- Directed by: João César Monteiro
- Written by: João César Monteiro
- Starring: João César Monteiro Manuela de Freitas Ruy Furtado
- Release date: 1989;
- Running time: 122 minutes
- Country: Portugal
- Language: Portuguese

= Recollections of the Yellow House =

Recollections of the Yellow House (Recordações da Casa Amarela) is a 1989 Portuguese film written and directed by João César Monteiro.

==Plot==
João de Deus, a middle-aged man, lives in a cheap boarding house in an old part of Lisbon. He is plagued by illness. He relies on Franz Schubert's music and films to stave off misery. Isolated and eccentric, João obsesses over his landlady’s daughter, engaging in odd and sometimes disturbing behaviours such as drinking her bathwater and collecting her hair. After harassing his landlord's daughters, he is thrown out of his room.
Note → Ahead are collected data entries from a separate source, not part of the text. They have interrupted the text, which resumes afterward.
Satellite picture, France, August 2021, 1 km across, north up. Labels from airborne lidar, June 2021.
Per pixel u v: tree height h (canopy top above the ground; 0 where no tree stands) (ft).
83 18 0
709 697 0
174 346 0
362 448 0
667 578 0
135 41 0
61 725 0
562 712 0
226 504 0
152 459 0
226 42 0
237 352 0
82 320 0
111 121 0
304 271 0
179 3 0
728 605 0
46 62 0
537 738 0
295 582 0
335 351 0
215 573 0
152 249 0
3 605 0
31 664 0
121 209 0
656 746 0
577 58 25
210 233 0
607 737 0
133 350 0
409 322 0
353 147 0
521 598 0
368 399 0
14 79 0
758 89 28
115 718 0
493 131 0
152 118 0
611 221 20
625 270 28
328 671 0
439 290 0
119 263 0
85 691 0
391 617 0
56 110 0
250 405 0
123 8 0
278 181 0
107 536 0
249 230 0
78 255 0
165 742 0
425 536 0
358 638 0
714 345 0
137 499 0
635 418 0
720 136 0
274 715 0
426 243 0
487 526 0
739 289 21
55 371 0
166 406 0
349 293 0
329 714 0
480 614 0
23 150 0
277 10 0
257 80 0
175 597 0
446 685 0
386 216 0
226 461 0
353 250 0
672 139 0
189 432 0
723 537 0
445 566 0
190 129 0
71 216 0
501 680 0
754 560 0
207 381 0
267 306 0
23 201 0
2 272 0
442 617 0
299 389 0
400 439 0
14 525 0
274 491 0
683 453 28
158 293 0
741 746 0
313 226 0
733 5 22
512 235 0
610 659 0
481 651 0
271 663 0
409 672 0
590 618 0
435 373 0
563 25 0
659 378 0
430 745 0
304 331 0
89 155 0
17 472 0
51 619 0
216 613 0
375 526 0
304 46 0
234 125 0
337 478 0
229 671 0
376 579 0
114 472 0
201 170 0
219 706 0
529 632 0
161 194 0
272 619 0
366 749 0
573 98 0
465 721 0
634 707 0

He is sent to a mental hospital, but he eventually manages to escape through the sewers.

==Cast==
- João César Monteiro as João de Deus
- Manuela de Freitas as Dona Violeta
- Ruy Furtado as Senhor Armando
- Teresa Calado as Menina Julieta
- Duarte de Almeida as Ferdinando
- António Terrinha as the Doctor
- Sabina Sacchi as Mimi
- Henrique Viana as the Graduating Policeman
- Luís Miguel Cintra as Lívio
- Maria Ângela Violeta as Madre de Deus
- Violeta Sarzedas as the Next Door Neighbor
- João Pedro Bénard da Costa as the Dairy Worker
- Manuel Gomes as Laurindo
- Maria da Luz Fernandes as the Neighbor with the Baby
- Vasco Sequeira as the Tavern Owner
- José Nunes as the Kennel Worker
- Ester Caldeira, Ana Banhas, António Terrinha and Dona Gina as Neighbors
- João Santos as the Beggar
- Helena Ribas as the Policewoman
- Adamastor Duarte as the Policeman

==Awards==
It was awarded the Silver Lion at the 46th Venice International Film Festival.